Saturday, May 15, 2010

The Radical Did Not Go Out With Elena Kagan, But Other Ivy League Grads Did: This Week On The Elitist Supreme Court

Last night when Jim Lehrer asked David Brooks and Mark Shields, "How do you see the Elena Kagan nomination now? It's over a week," this Radical moved to the edge of her seat. Which commenter was going to say the L word first?

No, no, not liberal.

Instead, after the normal reassurances that Kagan will be confirmed, just try to find something wrong with her, she was a good dean, she has no opinions about anything, blah, blah, blah, suddenly Shields and Brooks went on a tirade about SCOTUS being an elitist institution. (What, you thought it was a good thing that the highest court in the land was peopled with the best legal minds in the land? Think again, mister. Or sister.)

From the transcript:

MARK SHIELDS: I have to tell you, I mean, I am so tired of Ivy Leaguers.

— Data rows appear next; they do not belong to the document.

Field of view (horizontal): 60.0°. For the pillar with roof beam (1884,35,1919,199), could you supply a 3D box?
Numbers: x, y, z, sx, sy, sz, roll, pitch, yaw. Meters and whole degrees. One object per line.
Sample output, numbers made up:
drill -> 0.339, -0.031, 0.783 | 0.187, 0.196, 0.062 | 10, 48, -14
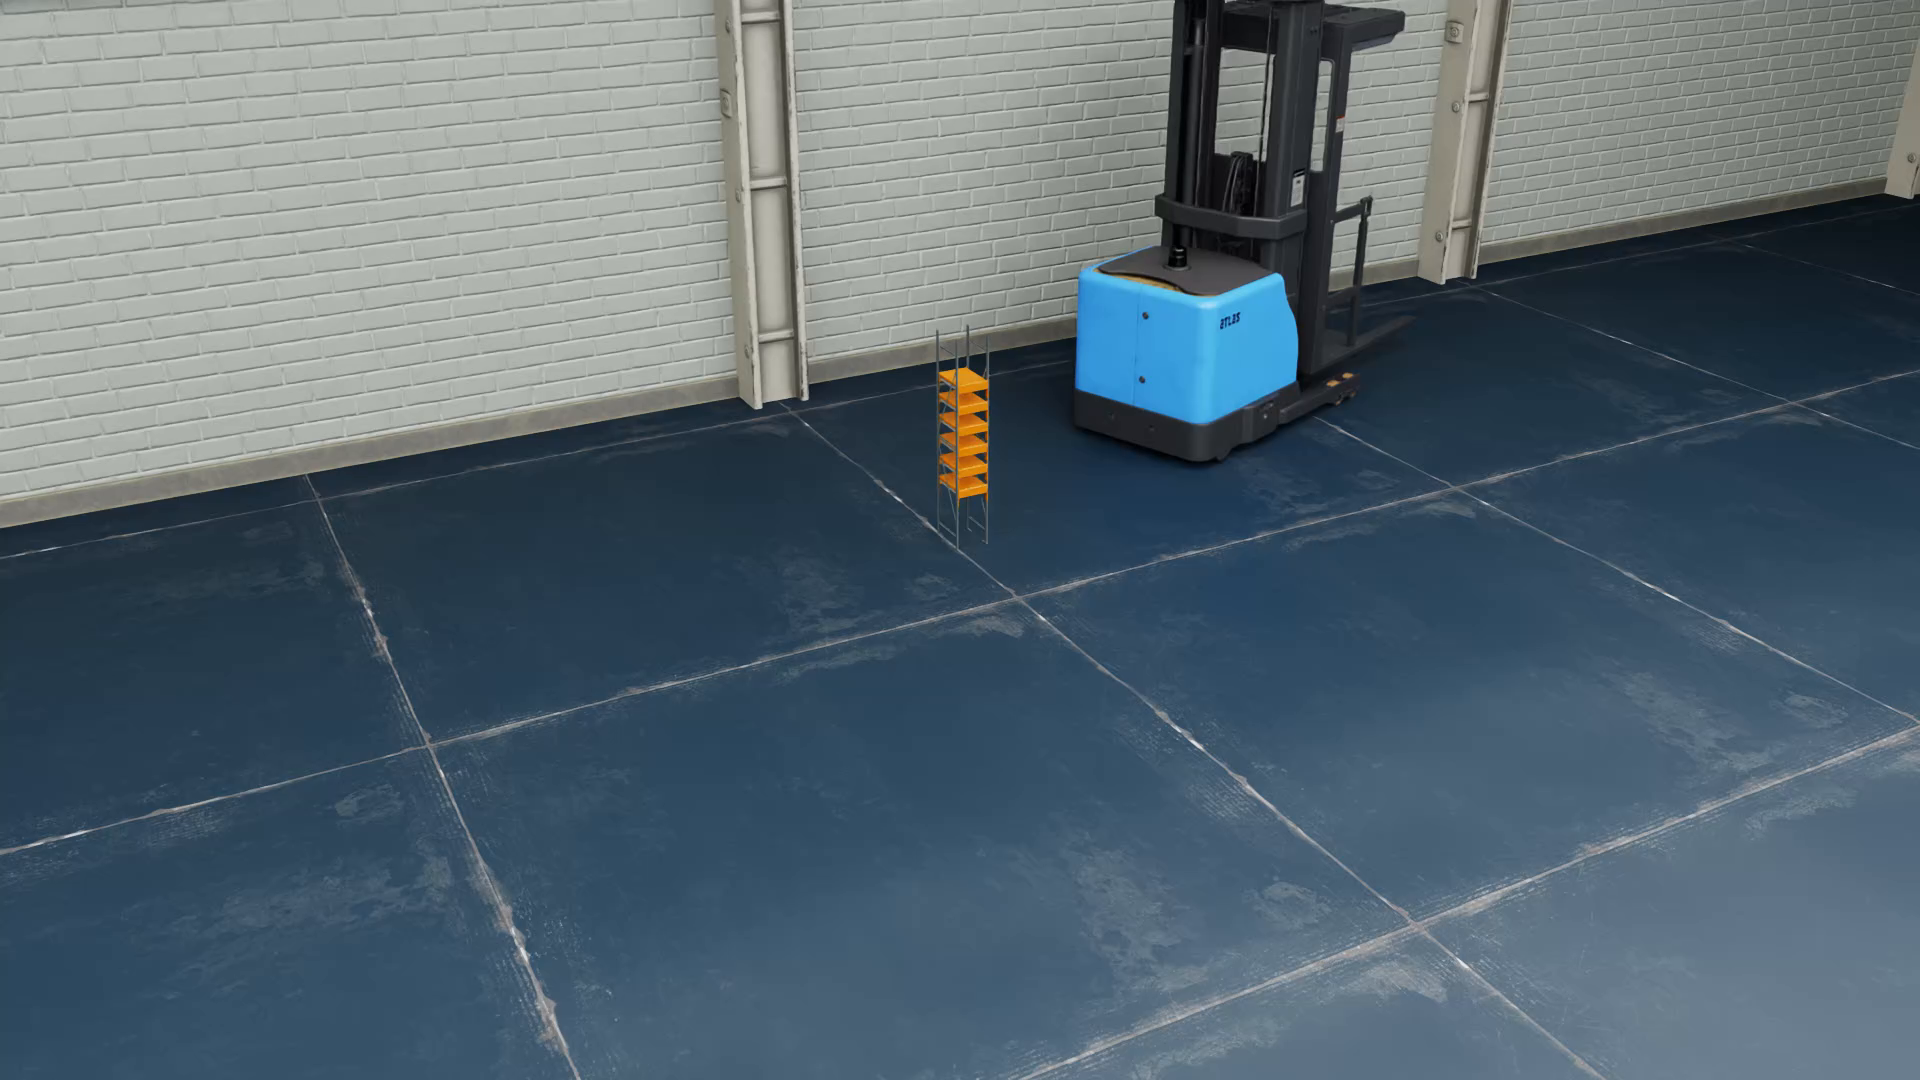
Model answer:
pillar with roof beam -> 11.352, -5.824, 10.983 | 0.400, 9.000, 9.100 | -13, 29, -25

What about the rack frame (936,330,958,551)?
rack frame -> -0.068, -0.525, 8.958 | 0.006, 1.200, 0.240 | -13, 29, -25

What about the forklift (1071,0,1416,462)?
forklift -> 2.070, -2.352, 10.763 | 1.130, 2.935, 3.031 | 21, 33, 37

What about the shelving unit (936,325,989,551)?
shelving unit -> 0.013, -0.544, 8.996 | 0.189, 1.200, 0.258 | -13, 29, -25

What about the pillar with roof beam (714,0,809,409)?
pillar with roof beam -> 0.763, -3.380, 5.892 | 0.400, 9.000, 9.100 | -13, 29, -25

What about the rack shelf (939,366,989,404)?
rack shelf -> 0.013, -0.828, 8.860 | 0.180, 0.103, 0.258 | -13, 29, -25

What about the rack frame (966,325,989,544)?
rack frame -> 0.094, -0.562, 9.035 | 0.006, 1.200, 0.240 | -13, 29, -25

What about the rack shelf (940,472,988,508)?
rack shelf -> 0.013, -0.287, 9.120 | 0.180, 0.103, 0.258 | -13, 29, -25

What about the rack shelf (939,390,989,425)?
rack shelf -> 0.013, -0.720, 8.912 | 0.180, 0.103, 0.258 | -13, 29, -25

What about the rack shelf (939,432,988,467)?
rack shelf -> 0.013, -0.504, 9.016 | 0.180, 0.103, 0.258 | -13, 29, -25

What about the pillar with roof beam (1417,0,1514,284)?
pillar with roof beam -> 6.057, -4.602, 8.438 | 0.400, 9.000, 9.100 | -13, 29, -25

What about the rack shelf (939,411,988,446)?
rack shelf -> 0.013, -0.612, 8.964 | 0.180, 0.103, 0.258 | -13, 29, -25

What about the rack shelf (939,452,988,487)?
rack shelf -> 0.013, -0.396, 9.068 | 0.180, 0.103, 0.258 | -13, 29, -25

I really am. I want somebody who went to a state university, who didn't grow up in the Eastern time zone, who worked nights, maybe, to pay for their own books, who either was in the enlisted ranks in the United States military or knows somebody who was, somebody who just really didn't -- is west of the Hudson, and east of Malibu.

MARK SHIELDS: There's a great country out there with an awful lot of people in it, and maybe somebody who went to night school once. I mean, why do we -- why do we restrict it to this pool that -- you know, I really just think it is terribly elitist. I mean, it sounds like the British ruling class.

DAVID BROOKS: Yes. Well, Mark and I should be happy that it's all Catholics and Jews on the court now.

JIM LEHRER: You guys are covered. That's easy for you to say.

DAVID BROOKS: Yes.

DAVID BROOKS: Personally, I'm the only New York Jew not on the court, so I'm a little pissed off about that.

But I actually agree with Mark. I think the politics of it are bad, by the way, for exactly that reason. People look at it, oh, another Harvard Law. And, you know, they're very smart people and they're very fine people. But it is true that it would be nice to have somebody from the heartland of the Midwest, you know, Chicago, for example.

No, I'm just kidding.

(Editor's note: David Brooks went to the University of Chicago, something his audience is rarely allowed to forget for more than a day at a time.)


DAVID BROOKS: No, I agree -- I agree with Mark, somebody, you know -- it is -- and this is true, by the way, of the Obama administration in general. There's a lot of Harvard and Yale there up and down the ranks. And it is a narrow slice of America.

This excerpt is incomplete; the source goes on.